Про таких людей говорят, что они глыбы. Хмурый испытывающий взгляд. Широкий шаг. Под 190 сантиметров роста. Попадись ему на пути — снесет. Однако сам Маяковский писал, что он — вся нежность, «весь боль и ушиб», а Лиля Брик ласково называла его Щеном. Каким он был на самом деле? И как бы ему жилось в сегодняшнем времени — в интервью с составителем книги «Маяковский без глянца», заместителем директора по научной работе Государственного литературного музея Павлом Фокиным.
— Павел Евгеньевич, вы знаете о Маяковском как никто другой. Чем он поражал людей своего времени?
— Масштабом! И физическим масштабом, и духовным. И — вот этой своей активностью. Он вламывался в их пространство — их канонов, их привычек. И конечно, не мог не обратить на себя внимание.
Есть замечательное и остроумное воспоминание Льва Кассиля, который писал, что когда Маяковский садился в машину, было ощущение, что он надевает на себя автомобиль. Такой он был грандиозный.
Привлекало и то, что он находился в постоянном творческом поиске. И даже его попытки высмеять обывательский быт — это было совершенно новаторской, революционной идеей, которой мы пользуемся уже более 100 лет.
Его невозможно забыть! Потому харизма таких людей не уходит вместе с ними. Она остается и по-прежнему притягивает.
— Его понимали? Или он был для всех словно с другой планеты?
— Знаете, он заставлял себя понимать. Конечно, у него были свои противники. Многие смотрели на него с недоумением. Многие с неприязнью. Но ведь в конце концов он победил! Он привлек на свою сторону читателей. И притом не только не современников.
Поэтому... Понимали те, кто хотел понять! Кто не хочет, тот не поймет.
Он был безусловным новатором и воспринимался консервативными людьми как некий посторонний.
— Есть мнение, что он был глубоко несчастен...
— Смотря что имеется в виду. Мне кажется, наоборот. Он занимался тем, чем хотел. У него были на это силы. У него был талант. В этом смысле он был абсолютно счастливым. Ну а личные переживания, личные драмы, которые и привели его к такому финалу, — то у кого их нет?
Просто кто-то может это перенести. А художники и поэты — души ранимые. Они воспринимают все намного острее.

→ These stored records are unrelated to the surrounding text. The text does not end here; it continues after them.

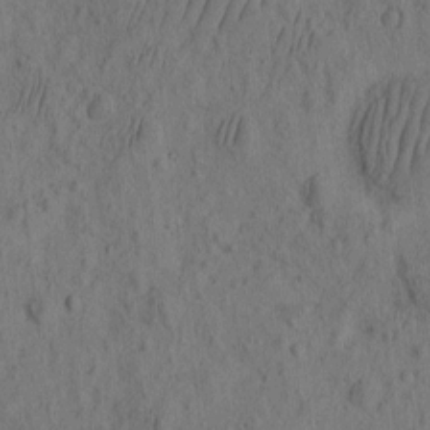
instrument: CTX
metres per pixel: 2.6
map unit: eHh
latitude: -2.4251
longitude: 17.4455
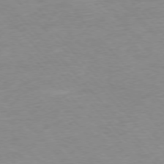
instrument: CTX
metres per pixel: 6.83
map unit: Ap
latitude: -76.8975
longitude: -87.6505
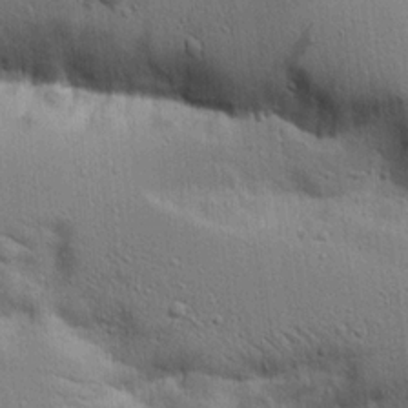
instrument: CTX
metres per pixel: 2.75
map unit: Aa
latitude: 16.7624
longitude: -125.2914
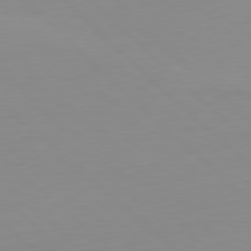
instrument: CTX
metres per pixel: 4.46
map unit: Ap
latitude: -79.6533
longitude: -55.8583
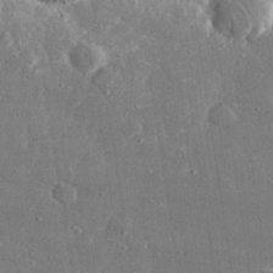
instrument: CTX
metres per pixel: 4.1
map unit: lHvf
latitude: 31.1026
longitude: -89.9339
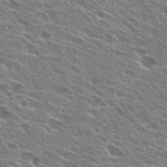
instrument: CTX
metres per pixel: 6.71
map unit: Hto
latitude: 27.2537
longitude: -44.4034
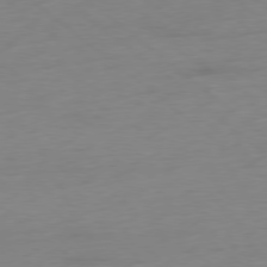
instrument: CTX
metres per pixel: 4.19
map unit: Ap
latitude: -78.6707
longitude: -59.4426
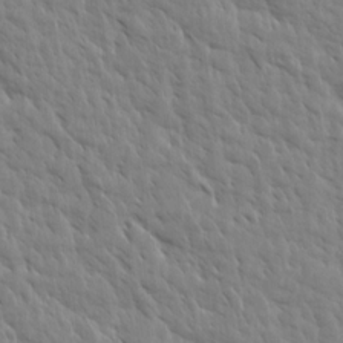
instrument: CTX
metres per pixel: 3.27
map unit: Aa
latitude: 15.4049
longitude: -142.4034
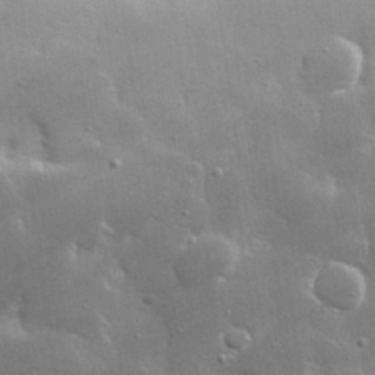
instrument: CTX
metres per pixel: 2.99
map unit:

— Факт, который потряс вас больше всего?
— Его смерть. Его уход. Потому что трудно поверить, что такой могучий духом человек мог так поступить. Неслучайно существует столько версий, что это не самоубийство.
Но что бы это ни было на самом деле, сам факт гибели такой фигуры — он, конечно, потрясает!
Ведь гибель героя — она всегда оставляет рану. И эстетическую, и эмоциональную.
— Как вы думаете, ему было бы комфортно жить в нашем с вами времени?
— Вопрос, насколько нам было бы комфортно с ним. А не ему с нами! (Смеется.) А уж он бы точно был на своем месте. Такие люди нужны во все времена. Поэтому я даже не сомневаюсь, что это была бы очень привлекательная фигура.
Уж точно бы не пропал! Даже в нашем переполненном информационном пространстве.
— У вас есть любимые строчки?
— Знаете, в семье моих родителей был культ Маяковского, и я всегда относился к нему с большим уважением. В свое время я даже прочел собрание его сочинений — большой красный пятитомник.
Многие любят противопоставлять Маяковского раннего и Маяковского позднего. Якобы ранний — вот он поэт, а поздний — продался. Но я этого не разделяю! Я считаю, что ранний, что поздний — мощная поэтическая фигура. И его талант никогда не ослабевал.
Поэтому таких строк много. Но если говорить о дне сегодняшнем, то я очень люблю стихотворение «Что такое хорошо и что такое плохо?».
Ну вы помните: «Крошка сын к отцу пришел, и спросила кроха...»
Вроде бы такие простые назидательные слова, но в наше время, когда все понятия перемешаны, где все это намеренно искажено и перевернуто, мне кажется, что эти простые строчки актуальны как никогда.
Надо постоянно задавать себе этот вопрос. Иначе не выжить!
Кстати, сегодня, 19 июля, в Литературном музее торжественно открылась выставка «О разных Маяковских», большую часть экспонатов которой составляют изобразительные материалы. Например, афиши выступлений или эскизы костюмов к «Мистерии-буфф». А также личные вещи и рукописи поэта.